What you will do
Filter this material down to the lines that hold "rack", copying each one.

━━━ Source data ━━━

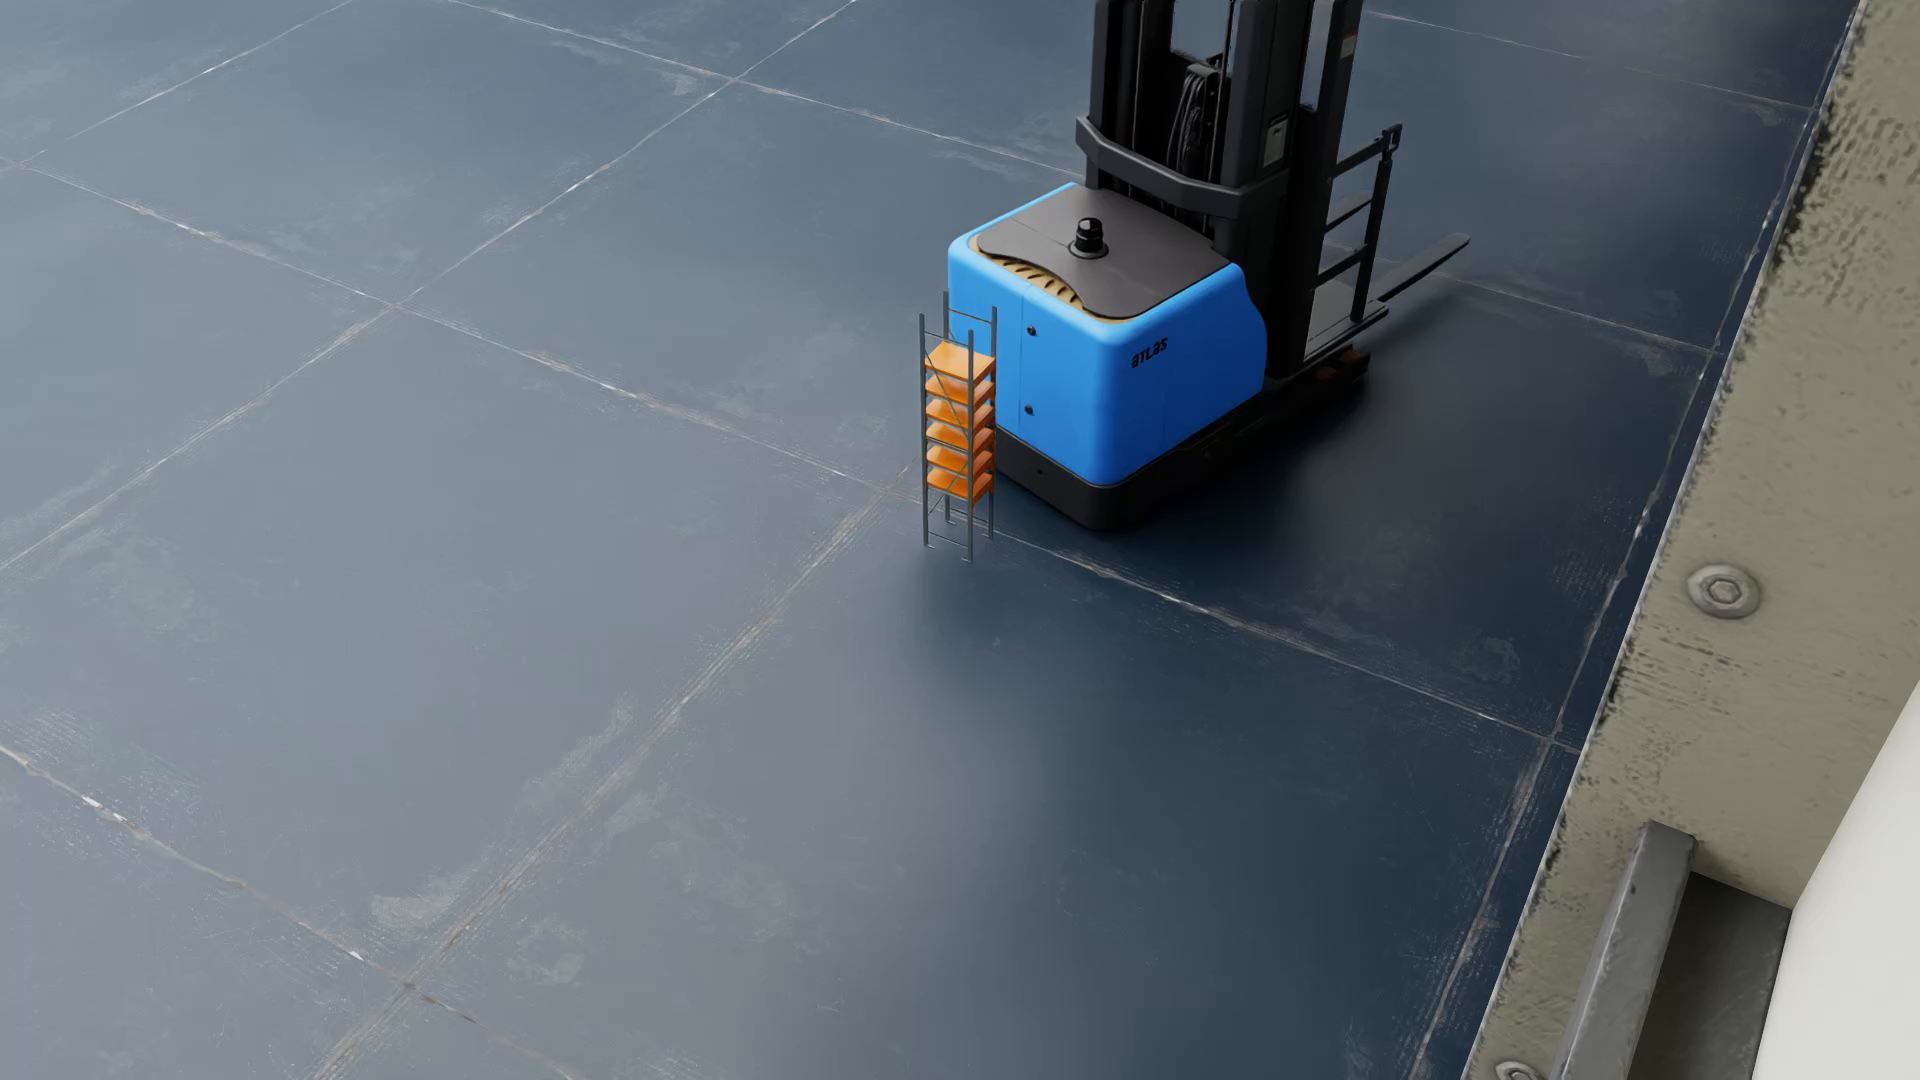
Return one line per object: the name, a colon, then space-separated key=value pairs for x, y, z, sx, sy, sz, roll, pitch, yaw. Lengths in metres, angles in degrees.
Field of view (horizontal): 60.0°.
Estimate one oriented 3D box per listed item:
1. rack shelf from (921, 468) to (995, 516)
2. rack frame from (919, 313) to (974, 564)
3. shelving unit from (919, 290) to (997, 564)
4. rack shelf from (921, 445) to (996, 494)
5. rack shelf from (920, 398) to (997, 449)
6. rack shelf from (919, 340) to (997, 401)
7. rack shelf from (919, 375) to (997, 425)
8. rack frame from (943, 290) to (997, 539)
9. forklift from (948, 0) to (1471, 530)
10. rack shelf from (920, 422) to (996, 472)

━━━

Answer box
1. rack shelf from (921, 468) to (995, 516)
2. rack frame from (919, 313) to (974, 564)
4. rack shelf from (921, 445) to (996, 494)
5. rack shelf from (920, 398) to (997, 449)
6. rack shelf from (919, 340) to (997, 401)
7. rack shelf from (919, 375) to (997, 425)
8. rack frame from (943, 290) to (997, 539)
10. rack shelf from (920, 422) to (996, 472)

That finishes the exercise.